FEISTEL, Cajestan - Proconsul in Habelschwerdt vor 1778

Einen schönen guten Morgen allerseits,
     besonders den FEISTEL-Forschern,

Nachrichten aus Habelschwerdt, die (hier gekürzt) entnommen sind aus
der Vierteljahrsschrift für Geschichte und Heimathskunde, 3. Jahrg. 1883/84
S. 23 ff und Volkmer: "Geschichte der Stadt Habelschwerdt", 1897, S. 163 ff.

Viele Grüsse
Susanna

Cajetan FEISTEL, Prokonsul (Beigeordneter) und Kämmerer in Habelschwerdt,
durch seinen aufwendigen Lebensstil hoch verschuldet, liess sich während des
Bayerischen Erbfolgekrieges (1778/79) von den Österreichern als kaiserlicher
Steuereinnehmer verdingen und vereiden.
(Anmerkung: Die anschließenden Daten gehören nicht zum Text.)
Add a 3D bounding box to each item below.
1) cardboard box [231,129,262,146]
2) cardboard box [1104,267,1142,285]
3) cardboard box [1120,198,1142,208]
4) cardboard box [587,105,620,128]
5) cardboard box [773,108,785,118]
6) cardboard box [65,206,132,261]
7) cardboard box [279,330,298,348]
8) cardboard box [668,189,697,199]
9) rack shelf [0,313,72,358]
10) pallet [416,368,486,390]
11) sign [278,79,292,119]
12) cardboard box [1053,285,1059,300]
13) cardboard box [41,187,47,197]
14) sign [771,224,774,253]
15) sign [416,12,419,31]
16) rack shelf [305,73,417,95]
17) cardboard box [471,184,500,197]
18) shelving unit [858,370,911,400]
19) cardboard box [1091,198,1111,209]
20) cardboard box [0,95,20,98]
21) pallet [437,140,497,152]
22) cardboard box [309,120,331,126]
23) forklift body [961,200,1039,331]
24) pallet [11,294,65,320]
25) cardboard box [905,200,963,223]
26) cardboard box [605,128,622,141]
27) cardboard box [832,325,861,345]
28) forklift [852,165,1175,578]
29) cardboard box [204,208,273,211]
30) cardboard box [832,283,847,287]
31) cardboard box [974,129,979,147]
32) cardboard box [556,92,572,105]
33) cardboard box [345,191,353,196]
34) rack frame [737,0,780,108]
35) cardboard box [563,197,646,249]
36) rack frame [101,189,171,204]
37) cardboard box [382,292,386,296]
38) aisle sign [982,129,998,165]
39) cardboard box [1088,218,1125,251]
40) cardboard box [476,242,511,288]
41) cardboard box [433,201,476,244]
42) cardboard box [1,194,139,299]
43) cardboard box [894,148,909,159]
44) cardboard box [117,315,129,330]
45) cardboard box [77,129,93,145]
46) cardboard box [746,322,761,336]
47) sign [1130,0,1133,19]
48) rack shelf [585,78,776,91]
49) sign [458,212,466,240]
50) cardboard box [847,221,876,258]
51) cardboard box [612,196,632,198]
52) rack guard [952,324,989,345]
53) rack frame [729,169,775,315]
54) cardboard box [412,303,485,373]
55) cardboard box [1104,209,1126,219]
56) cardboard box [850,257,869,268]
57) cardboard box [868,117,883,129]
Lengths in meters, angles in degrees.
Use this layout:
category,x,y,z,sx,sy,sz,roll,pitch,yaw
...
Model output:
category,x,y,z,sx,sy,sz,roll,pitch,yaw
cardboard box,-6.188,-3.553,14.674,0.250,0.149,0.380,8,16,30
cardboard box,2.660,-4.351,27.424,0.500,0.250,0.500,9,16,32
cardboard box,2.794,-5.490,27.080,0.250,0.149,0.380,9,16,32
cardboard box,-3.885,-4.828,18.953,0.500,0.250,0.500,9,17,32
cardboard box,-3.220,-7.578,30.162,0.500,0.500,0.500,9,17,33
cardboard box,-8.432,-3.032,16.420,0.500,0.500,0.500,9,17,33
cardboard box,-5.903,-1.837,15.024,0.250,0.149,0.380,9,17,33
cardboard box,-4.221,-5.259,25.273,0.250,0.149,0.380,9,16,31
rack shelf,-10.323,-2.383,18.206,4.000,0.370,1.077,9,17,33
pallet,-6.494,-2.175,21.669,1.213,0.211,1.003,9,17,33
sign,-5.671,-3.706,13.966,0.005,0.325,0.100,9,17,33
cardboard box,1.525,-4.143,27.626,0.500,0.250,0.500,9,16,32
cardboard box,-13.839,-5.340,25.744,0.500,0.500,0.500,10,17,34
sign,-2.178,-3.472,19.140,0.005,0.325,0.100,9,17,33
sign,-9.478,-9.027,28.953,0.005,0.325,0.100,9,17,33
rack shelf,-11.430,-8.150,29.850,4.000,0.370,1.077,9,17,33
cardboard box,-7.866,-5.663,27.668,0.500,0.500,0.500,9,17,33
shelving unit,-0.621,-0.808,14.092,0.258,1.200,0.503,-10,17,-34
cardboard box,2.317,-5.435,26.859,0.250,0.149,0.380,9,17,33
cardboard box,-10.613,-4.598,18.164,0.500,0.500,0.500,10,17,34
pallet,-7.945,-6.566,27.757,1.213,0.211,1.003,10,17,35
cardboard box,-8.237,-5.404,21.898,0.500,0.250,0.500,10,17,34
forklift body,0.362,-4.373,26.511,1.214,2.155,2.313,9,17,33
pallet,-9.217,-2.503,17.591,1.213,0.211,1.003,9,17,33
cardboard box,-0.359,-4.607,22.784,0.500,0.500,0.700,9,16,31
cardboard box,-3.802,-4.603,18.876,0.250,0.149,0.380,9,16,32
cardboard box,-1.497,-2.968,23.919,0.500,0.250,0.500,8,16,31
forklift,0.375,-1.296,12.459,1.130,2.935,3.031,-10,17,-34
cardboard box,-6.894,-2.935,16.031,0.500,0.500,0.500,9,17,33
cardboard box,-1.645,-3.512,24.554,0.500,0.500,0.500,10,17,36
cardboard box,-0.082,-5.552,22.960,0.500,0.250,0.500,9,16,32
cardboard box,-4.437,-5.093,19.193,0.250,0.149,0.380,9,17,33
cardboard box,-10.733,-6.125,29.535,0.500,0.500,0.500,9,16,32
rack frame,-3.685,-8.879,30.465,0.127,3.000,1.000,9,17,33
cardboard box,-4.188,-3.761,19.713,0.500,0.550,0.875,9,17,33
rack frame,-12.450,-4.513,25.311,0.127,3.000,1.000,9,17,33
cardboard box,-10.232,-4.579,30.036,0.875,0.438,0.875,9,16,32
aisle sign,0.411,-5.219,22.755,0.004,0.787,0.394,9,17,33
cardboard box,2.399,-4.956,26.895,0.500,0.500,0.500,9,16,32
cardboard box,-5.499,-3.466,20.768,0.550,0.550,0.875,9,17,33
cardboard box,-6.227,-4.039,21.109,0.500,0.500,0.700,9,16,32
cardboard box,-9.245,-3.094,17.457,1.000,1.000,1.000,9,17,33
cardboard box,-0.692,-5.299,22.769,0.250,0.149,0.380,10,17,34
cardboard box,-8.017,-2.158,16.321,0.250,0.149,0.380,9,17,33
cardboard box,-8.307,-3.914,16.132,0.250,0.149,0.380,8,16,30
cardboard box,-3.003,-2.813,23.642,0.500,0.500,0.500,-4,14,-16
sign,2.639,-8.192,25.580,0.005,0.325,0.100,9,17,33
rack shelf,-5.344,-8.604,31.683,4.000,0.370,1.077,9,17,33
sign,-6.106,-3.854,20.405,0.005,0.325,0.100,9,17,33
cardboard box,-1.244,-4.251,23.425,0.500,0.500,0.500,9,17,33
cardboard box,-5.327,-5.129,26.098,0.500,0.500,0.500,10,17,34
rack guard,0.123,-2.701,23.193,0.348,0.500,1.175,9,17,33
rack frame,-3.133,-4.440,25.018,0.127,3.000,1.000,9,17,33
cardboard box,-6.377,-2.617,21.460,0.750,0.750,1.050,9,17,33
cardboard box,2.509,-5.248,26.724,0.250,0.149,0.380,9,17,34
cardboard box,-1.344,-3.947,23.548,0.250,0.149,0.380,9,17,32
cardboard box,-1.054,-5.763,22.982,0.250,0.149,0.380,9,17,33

Im letzten Quartal des Jahres 1778
setzte er sich unter Mitnahme öffentlicher Gelder nach Österreich ab, worauf der
König durch eine Kabinettsordre (14. Dezember 1778) verfügte, es sollte "auf den
p. Feistel scharf aufgepasst werden" und "sobald er wieder ins Land käme,
müsste man ihn sogleich arretieren und ihm wegen seiner treulosen Streiche den
Prozess machen lassen. Der König fügte, jedenfalls in Folge eines wenig
wohlwollenden Berichtes des schlesischen Ministers, noch bei, dass die
Magistrate im Glatzischen, da man sich auf die Treue der dortigen Leute gar nicht
verlassen könnte, auch das Wahlrecht nicht mehr haben sollten, sondern Se.
Majestät wollten fortab selbst alle solche Leute einsetzen" (1).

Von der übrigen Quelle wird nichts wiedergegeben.